AVAILABLE DATA>

◇ ◇ ◇

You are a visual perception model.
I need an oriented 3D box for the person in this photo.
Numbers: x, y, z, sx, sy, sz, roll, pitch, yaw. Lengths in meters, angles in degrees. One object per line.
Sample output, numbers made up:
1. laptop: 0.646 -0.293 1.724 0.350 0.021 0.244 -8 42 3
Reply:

◇ ◇ ◇

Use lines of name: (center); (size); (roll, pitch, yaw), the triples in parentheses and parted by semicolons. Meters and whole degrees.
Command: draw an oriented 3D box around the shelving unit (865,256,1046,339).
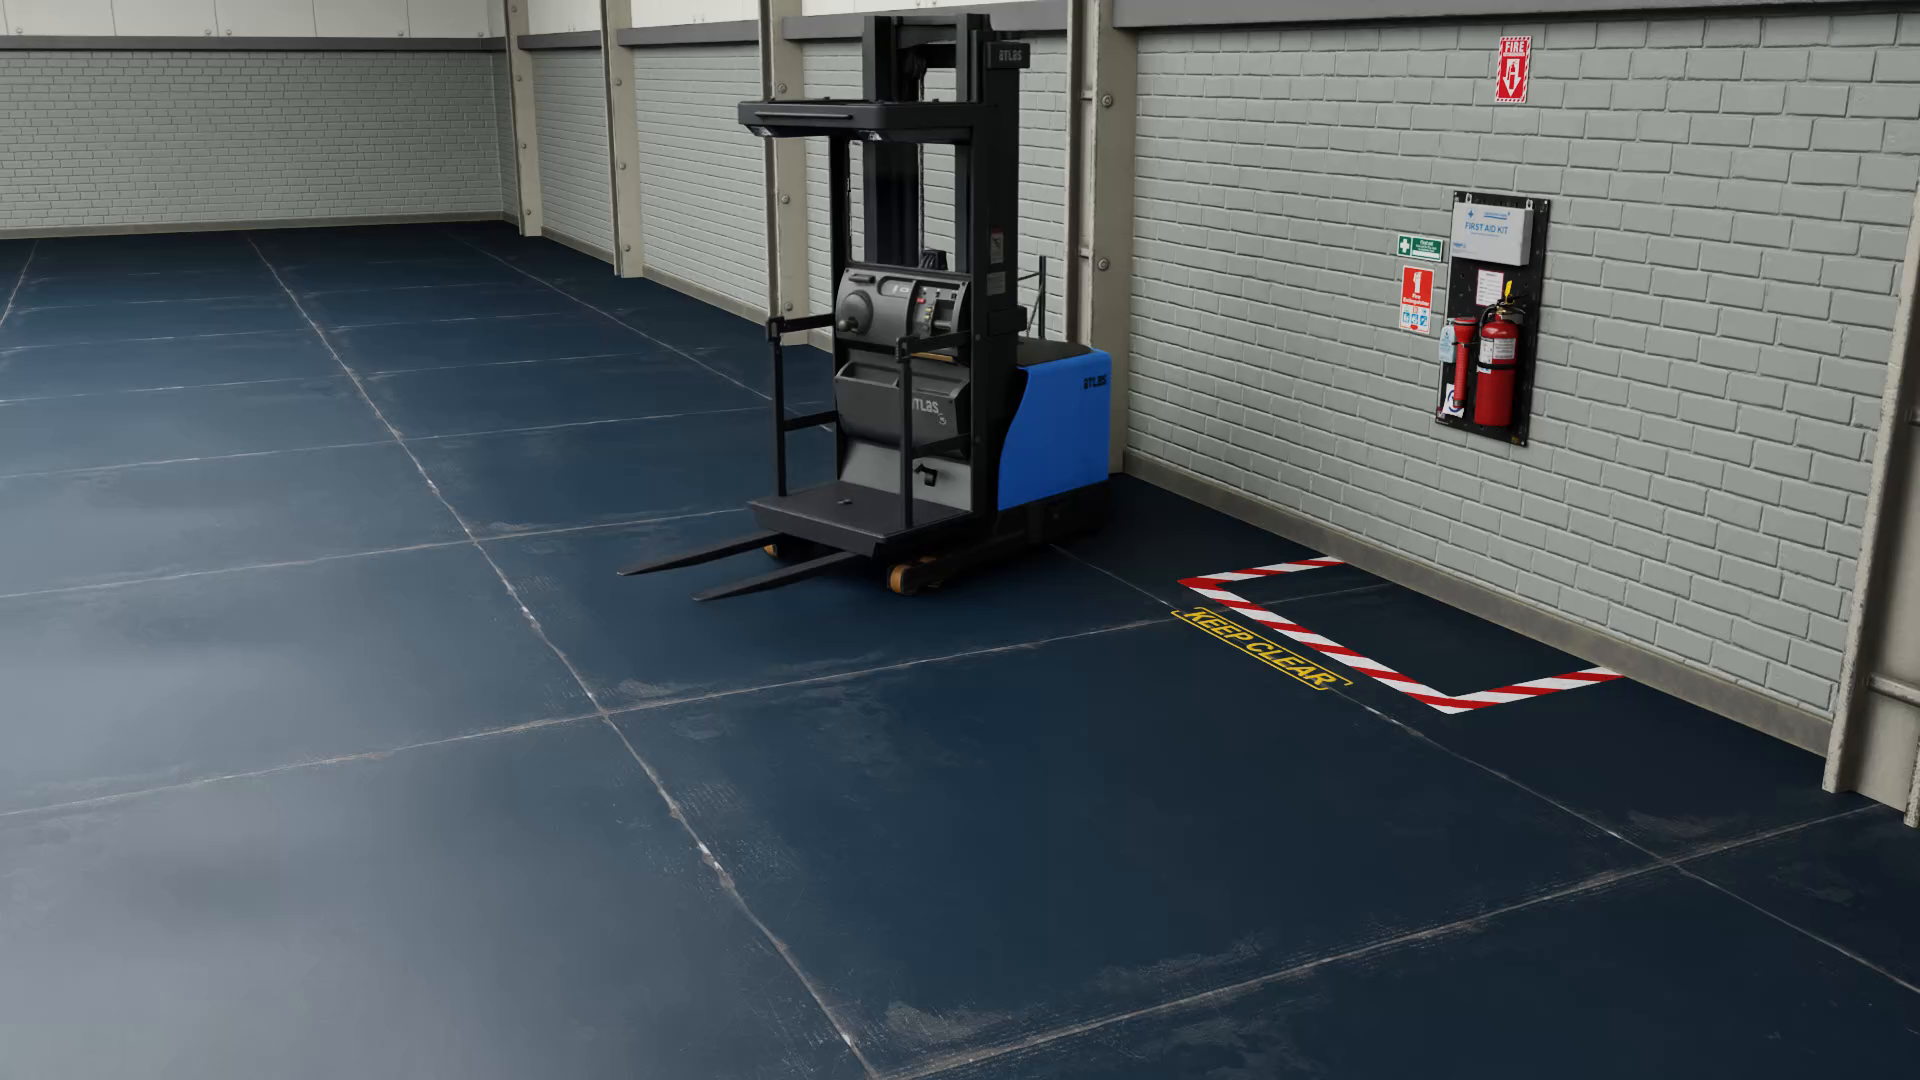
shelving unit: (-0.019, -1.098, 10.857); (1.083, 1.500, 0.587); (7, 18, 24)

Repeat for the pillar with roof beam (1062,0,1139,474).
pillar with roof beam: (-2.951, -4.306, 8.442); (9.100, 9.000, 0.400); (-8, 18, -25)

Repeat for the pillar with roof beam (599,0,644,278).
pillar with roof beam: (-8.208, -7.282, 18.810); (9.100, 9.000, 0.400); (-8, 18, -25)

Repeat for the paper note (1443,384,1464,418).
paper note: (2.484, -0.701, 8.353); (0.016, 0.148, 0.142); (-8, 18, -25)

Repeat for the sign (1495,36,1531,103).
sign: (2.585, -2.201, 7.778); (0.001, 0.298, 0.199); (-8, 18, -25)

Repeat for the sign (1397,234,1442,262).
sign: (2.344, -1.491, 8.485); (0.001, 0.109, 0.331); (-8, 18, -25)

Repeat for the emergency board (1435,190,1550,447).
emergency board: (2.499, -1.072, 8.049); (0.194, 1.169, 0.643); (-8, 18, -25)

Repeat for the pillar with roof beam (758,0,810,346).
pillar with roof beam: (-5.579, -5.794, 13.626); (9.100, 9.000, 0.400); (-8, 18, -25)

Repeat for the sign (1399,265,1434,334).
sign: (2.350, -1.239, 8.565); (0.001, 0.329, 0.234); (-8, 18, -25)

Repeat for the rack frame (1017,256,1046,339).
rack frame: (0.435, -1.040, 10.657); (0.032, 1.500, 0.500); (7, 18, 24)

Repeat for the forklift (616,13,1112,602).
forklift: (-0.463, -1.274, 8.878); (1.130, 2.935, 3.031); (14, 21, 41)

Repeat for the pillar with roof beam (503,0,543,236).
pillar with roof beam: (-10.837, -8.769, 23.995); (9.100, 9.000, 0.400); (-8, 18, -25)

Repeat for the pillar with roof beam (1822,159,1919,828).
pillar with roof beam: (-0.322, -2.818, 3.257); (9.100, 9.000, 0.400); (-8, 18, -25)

◇ ◇ ◇

TASK REQUIREMENTS>
Scan the entries above, and wherever a line holds the string "degrees", copy it.

PROBLEM SOLUTION>
Numbers: x, y, z, sx, sy, sz, roll, pitch, yaw. Lengths in meters, angles in degrees. One object per line.
Use lines of name: (center); (size); (roll, pitch, yaw), the triples in parentheses and parted by semicolons. Meters and whole degrees.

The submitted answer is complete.